Track down each line below containing the string "agent" and copy it.

Dataset items:
--- START ---

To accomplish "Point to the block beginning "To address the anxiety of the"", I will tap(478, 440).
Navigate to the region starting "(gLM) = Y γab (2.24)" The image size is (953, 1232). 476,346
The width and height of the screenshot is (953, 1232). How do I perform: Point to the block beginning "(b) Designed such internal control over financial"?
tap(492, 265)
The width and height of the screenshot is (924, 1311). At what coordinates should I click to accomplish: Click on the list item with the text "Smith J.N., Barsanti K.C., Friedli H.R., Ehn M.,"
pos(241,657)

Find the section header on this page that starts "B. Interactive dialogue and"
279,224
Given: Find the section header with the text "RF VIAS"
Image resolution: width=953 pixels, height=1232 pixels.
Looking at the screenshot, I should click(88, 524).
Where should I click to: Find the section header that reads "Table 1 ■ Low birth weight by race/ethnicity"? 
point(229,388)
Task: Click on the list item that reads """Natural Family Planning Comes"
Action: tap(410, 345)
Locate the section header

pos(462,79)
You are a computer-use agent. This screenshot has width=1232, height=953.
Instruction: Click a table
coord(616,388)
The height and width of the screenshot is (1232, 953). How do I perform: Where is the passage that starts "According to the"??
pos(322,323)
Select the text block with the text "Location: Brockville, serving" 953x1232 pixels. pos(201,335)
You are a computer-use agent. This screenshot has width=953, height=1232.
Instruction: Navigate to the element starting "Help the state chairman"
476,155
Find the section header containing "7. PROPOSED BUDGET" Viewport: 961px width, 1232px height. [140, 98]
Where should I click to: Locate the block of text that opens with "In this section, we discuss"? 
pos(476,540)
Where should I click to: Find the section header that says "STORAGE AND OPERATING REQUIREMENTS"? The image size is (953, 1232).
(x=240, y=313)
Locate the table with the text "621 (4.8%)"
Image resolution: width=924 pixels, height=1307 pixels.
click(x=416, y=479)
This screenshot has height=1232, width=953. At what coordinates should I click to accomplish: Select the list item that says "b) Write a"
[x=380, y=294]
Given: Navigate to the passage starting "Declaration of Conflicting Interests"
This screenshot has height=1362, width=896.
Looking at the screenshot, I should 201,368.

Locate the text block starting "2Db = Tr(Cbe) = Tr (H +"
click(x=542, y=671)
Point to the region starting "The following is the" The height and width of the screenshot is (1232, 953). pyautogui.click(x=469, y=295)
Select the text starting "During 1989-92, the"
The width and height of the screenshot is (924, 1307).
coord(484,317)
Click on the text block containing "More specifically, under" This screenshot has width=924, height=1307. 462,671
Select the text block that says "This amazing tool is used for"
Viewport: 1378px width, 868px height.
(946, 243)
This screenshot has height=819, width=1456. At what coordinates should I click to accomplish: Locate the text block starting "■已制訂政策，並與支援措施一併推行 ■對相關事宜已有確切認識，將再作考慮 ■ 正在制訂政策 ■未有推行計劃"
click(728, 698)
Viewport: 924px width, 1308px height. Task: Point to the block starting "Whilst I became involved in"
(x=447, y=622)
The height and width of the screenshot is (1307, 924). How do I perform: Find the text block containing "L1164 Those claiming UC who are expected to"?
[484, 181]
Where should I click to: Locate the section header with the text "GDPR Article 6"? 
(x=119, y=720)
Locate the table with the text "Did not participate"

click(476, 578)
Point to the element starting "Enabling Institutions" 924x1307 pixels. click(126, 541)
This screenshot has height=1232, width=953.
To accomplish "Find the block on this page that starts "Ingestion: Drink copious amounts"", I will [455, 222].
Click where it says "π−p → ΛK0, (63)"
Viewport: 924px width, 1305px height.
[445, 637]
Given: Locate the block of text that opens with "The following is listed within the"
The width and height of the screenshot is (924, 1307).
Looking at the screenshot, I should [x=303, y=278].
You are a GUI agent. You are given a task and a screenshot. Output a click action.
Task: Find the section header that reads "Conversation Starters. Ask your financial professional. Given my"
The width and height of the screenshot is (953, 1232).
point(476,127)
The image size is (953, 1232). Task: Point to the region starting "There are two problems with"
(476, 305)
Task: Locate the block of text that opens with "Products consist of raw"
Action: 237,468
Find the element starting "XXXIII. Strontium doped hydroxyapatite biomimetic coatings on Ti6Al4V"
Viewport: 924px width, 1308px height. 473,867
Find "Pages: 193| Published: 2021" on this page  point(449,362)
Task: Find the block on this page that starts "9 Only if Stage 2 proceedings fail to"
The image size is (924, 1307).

--- END ---

REPLY:
You are a computer-use agent. This screenshot has width=1232, height=953.
You are a computer-use agent. This screenshot has width=953, height=1232.
You are a GUI agent. You are given a task and a screenshot. Output a click action.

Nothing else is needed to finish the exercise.